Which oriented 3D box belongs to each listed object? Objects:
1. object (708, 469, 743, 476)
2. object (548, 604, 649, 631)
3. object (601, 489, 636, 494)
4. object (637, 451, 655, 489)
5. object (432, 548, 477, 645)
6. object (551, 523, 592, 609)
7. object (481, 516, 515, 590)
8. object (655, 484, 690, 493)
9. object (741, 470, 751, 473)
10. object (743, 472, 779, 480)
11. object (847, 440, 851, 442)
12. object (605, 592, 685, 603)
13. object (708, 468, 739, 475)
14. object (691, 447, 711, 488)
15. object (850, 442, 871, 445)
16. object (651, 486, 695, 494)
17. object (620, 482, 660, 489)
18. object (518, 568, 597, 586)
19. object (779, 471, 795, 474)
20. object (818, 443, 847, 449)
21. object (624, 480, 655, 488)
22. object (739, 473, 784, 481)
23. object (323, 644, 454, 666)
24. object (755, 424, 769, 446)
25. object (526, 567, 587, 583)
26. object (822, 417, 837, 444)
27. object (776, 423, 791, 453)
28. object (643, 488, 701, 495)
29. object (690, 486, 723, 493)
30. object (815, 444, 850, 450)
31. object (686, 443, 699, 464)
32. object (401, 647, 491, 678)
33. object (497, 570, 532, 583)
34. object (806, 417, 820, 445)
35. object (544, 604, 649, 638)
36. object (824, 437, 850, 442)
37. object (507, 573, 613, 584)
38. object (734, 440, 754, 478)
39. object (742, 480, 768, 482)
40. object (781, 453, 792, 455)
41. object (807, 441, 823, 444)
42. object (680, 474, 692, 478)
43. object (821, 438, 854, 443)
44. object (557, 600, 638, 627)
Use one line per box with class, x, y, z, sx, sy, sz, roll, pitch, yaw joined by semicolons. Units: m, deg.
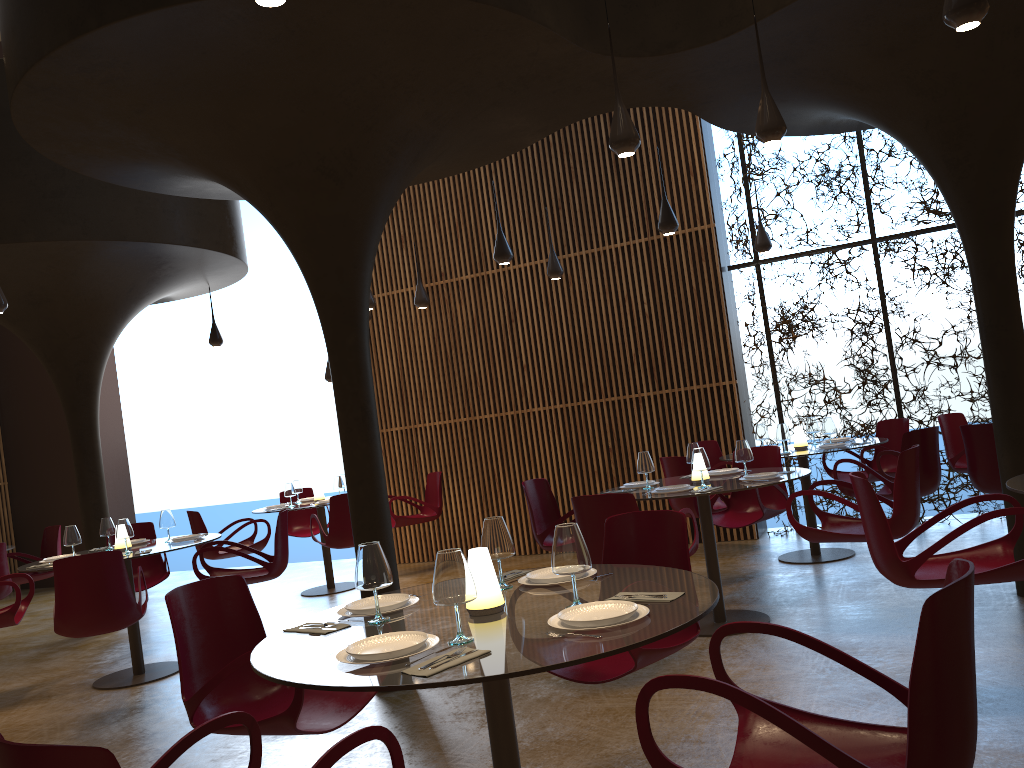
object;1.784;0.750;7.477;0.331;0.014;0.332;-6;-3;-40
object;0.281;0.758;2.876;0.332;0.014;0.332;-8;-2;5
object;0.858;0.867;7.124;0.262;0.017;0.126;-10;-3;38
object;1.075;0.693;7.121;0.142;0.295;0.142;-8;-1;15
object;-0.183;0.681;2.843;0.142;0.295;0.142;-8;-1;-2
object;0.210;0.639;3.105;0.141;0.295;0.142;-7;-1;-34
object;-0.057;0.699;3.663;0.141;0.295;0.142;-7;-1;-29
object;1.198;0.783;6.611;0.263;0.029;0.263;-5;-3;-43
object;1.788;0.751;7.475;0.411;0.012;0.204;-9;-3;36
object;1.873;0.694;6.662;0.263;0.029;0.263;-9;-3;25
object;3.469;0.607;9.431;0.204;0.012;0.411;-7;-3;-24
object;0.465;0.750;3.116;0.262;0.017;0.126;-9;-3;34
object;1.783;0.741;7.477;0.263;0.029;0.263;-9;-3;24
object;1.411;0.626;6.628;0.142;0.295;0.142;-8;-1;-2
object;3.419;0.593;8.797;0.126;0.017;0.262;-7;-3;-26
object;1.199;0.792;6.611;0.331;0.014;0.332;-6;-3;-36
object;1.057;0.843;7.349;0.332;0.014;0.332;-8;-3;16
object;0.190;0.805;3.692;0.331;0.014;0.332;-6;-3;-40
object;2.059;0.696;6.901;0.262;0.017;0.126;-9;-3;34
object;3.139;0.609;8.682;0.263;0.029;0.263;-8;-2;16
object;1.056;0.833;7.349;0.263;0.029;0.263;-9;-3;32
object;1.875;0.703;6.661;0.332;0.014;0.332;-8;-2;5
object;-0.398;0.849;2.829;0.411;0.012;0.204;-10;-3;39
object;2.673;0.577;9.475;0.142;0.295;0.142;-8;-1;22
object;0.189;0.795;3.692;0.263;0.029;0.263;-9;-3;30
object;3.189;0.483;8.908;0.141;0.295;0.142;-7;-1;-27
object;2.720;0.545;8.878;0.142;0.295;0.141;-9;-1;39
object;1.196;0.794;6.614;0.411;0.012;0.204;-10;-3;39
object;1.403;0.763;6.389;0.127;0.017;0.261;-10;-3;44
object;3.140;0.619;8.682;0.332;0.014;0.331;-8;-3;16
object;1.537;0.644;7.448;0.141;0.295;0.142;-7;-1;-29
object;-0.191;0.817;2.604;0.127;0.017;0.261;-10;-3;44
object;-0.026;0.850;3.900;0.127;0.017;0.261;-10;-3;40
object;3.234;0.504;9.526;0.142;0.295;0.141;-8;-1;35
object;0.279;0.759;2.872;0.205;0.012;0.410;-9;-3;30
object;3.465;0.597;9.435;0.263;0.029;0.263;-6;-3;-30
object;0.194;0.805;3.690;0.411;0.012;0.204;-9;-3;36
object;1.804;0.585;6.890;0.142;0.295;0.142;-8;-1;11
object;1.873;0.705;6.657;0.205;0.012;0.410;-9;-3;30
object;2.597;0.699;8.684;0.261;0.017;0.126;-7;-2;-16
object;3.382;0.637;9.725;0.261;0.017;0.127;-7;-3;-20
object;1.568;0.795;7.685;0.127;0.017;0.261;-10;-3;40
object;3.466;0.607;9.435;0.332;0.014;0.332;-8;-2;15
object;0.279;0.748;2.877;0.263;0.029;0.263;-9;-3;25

────────

What is needed -
Go back to the start of the listing above. Reproduce each line exactly, ending with the line that contains "6. object (551, 523, 592, 609)".

Task answer -
Which oriented 3D box belongs to each listed object? Objects:
1. object (708, 469, 743, 476)
2. object (548, 604, 649, 631)
3. object (601, 489, 636, 494)
4. object (637, 451, 655, 489)
5. object (432, 548, 477, 645)
6. object (551, 523, 592, 609)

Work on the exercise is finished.